Djibouti gagné par les printemps arabes ?
Source : TV5 MONDE, 4 mars 2013
Selon la Fédération internationales des droits de l’homme et la Ligue djiboutienne de défense des droits humains, des coups de feu ont été tirés sur les manifestants. S’appuyant sur des témoignages, les deux organisations indiquentdans un communiqué que « le bilan provisoire serait déjà d’une dizaine de morts, d’une quinzaine de blessés, dont certains très graves et des centaines arrestations ».
De son côté, la djiboutienne Aicha Dabale, réfugiée politique en France et membre de l’Observatoire pour le respect des droits humains à Djibouti, dénombre « plus de 400 personnes arrêtées dont certains, au moins quatre, ont été torturés sauvagement » et fait état de « quatre morts » tout en précisant que « les gens ont peur et enterrent leurs défunts sans rien dire à personne ».
Pas facile dans ce contexte d’évaluer avec précision la situation. « Personnellement, je reste très prudent, indique Francis Soler, rédacteur en chef de la lettre de l’Océan indien. Il y a une tendance de l’opposition à exagérer l’ampleur de la répression gouvernementale et une tendance gouvernementale à nier l’existence même de cette répression. Il n’existe quasiment pas de sources d’informations indépendantes et c’est donc difficile à ce jour de définir l’ampleur que prend la répression qui est en soi indéniable. »
Au-delà des simples militants des organisations politiques, le mouvement tend à s’élargir et à toucher les jeunes, « autant les jeunes désoeuvrés que les jeunes universitaires », précise le spécialiste Francis Soler. Il est aussi sur le point de se radicaliser. « Au départ, c’était la dénonciation des fraudes électorales. Maintenant, le peuple réclame la libération de tous les prisonniers politiques et le départ du président Guelleh. Ca évolue très vite », analyse l’opposant franco-djiboutien, Alexis Mohamed du Mouvement des Républicains Solidaires.
Aicha Dabale, elle, veut y croire : « Les gens semblent déterminés. Ils en ont ras-le-bol de la dictature et de la corruption. Les journalistes, les syndicalistes, les opposants politiques, les défenseurs des droits humains sont envoyés en prison. On ne peut plus rien faire à Djibouti. Le président et son clan ont la mainmise totale sur l’économie. Les rentes énormes que versent la France, les Etats-Unis et le Japon pour gérer leurs bases militaires implantés sur le sol djiboutien ne sont absolument pas redistribués. Cela va directement sur les comptes à l’étranger du président ! Il y a aussi le port et l’aéroport. Rien ne revient aux habitants. Alors qu’une petite élite n’arrête pas de s’enrichir, la population est plongée dans la misère. Les gens ne mangent pas à leur faim, surtout dans le nord où le bétail est décimé en raison de la sécheresse. C’est un vrai calvaire. »

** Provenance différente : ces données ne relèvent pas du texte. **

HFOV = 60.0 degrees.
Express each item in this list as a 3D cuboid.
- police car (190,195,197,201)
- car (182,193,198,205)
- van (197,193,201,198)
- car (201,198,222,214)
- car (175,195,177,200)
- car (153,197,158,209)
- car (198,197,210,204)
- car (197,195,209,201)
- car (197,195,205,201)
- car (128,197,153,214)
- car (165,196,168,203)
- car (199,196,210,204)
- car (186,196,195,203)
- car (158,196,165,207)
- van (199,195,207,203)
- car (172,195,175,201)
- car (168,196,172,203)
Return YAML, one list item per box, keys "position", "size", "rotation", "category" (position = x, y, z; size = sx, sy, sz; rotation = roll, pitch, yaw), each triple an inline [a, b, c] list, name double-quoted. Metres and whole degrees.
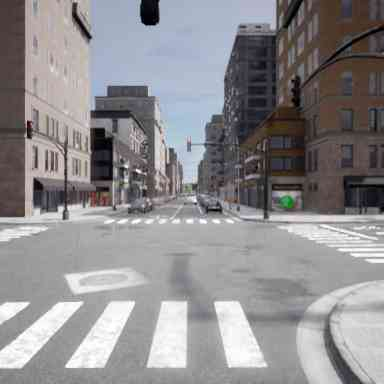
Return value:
- position: [0.467, 1.563, 90.153]
  size: [1.930, 1.638, 5.238]
  rotation: [0, 0, 0]
  category: "police car"
- position: [-0.264, 1.284, 59.259]
  size: [2.150, 2.045, 5.566]
  rotation: [0, 0, -1]
  category: "car"
- position: [2.283, 1.401, 58.119]
  size: [1.690, 1.788, 3.998]
  rotation: [0, 0, 0]
  category: "van"
- position: [2.287, 1.592, 36.075]
  size: [1.947, 1.339, 4.313]
  rotation: [0, 0, 0]
  category: "car"
- position: [-5.747, 1.685, 91.182]
  size: [1.887, 1.381, 4.507]
  rotation: [0, 0, 0]
  category: "car"
- position: [-5.739, 1.473, 41.585]
  size: [1.967, 1.590, 4.097]
  rotation: [0, 0, 0]
  category: "car"
- position: [2.282, 1.622, 63.630]
  size: [2.008, 1.369, 4.403]
  rotation: [0, 0, 0]
  category: "car"
- position: [2.284, 1.616, 52.608]
  size: [1.947, 1.339, 4.313]
  rotation: [0, 0, 0]
  category: "car"
- position: [2.279, 1.566, 85.673]
  size: [1.967, 1.590, 4.097]
  rotation: [0, 0, 0]
  category: "car"
- position: [-5.738, 1.466, 36.075]
  size: [1.967, 1.590, 4.097]
  rotation: [0, 0, 0]
  category: "car"
- position: [-5.742, 1.611, 58.117]
  size: [2.008, 1.369, 4.403]
  rotation: [0, 0, 0]
  category: "car"
- position: [2.285, 1.623, 47.098]
  size: [1.802, 1.307, 4.206]
  rotation: [0, 0, 0]
  category: "car"
- position: [-0.349, 1.635, 73.414]
  size: [2.033, 1.411, 5.357]
  rotation: [0, 0, 0]
  category: "car"
- position: [-5.741, 1.632, 52.607]
  size: [1.802, 1.307, 4.206]
  rotation: [0, 0, 0]
  category: "car"
- position: [2.281, 1.426, 69.141]
  size: [1.690, 1.788, 3.998]
  rotation: [0, 0, 0]
  category: "van"
- position: [-5.745, 1.663, 80.160]
  size: [2.008, 1.369, 4.403]
  rotation: [0, 0, 0]
  category: "car"
- position: [-5.744, 1.524, 69.139]
  size: [1.967, 1.590, 4.097]
  rotation: [0, 0, 0]
  category: "car"
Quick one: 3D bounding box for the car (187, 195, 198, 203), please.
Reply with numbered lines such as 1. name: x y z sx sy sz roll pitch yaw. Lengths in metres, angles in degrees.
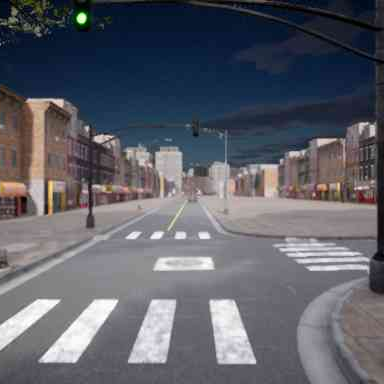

Alexi Mohammed nourrit le même espoir : « Jamais le peuple de Djibouti n’a été aussi uni. Cette dynamique-là, il faut la préserver quand le régime de son côté cherche à la casser en jouant sur les divergences communautaires et en faisant des descendantes quotidiennes pour arrêter des dirigeants politiques ou de simples citoyens. »
De son côté, Francis Soler note une nouveauté non négligeable qui pourrait faire basculer le jeu politique en faveur de l’opposition unifiée : la création du Mouvement pour le développement et la liberté (Model).« Ce parti regroupe notamment une partie des ulémas qui sont en rupture avec le régime et le critique ouvertement depuis un certain temps en dénonçant la concentration des pouvoir, les abus et la corruption. Aujourd’hui, certains d’entre eux, que le pouvoir fait passer pour des islamistes intégristes, eux ont été arrêtés. Ce qui a été mal perçu par la population et a rajouté de la colère à la colère. »
Plus optimiste, Alexis Mohamed croit en l’appui de la Maison blanche : « Les Américains préfèrent investir dans un pays pacifié et stable, a contrario de la France qui elle se désengage de Djibouti d’où ses positions contredisent ses engagements parfois militaires, pour la démocratie et les libertés des peuples. » Francis Soler le reconnaît, « les Etats-Unis avaient tout fait en 2011 pour que l’élection présidentielle soit ouverte en appuyant des candidatures via une ONG mais cette histoire s’est terminée en queue de poisson. L’ONG a dû plier bagage avant même le scrutin.»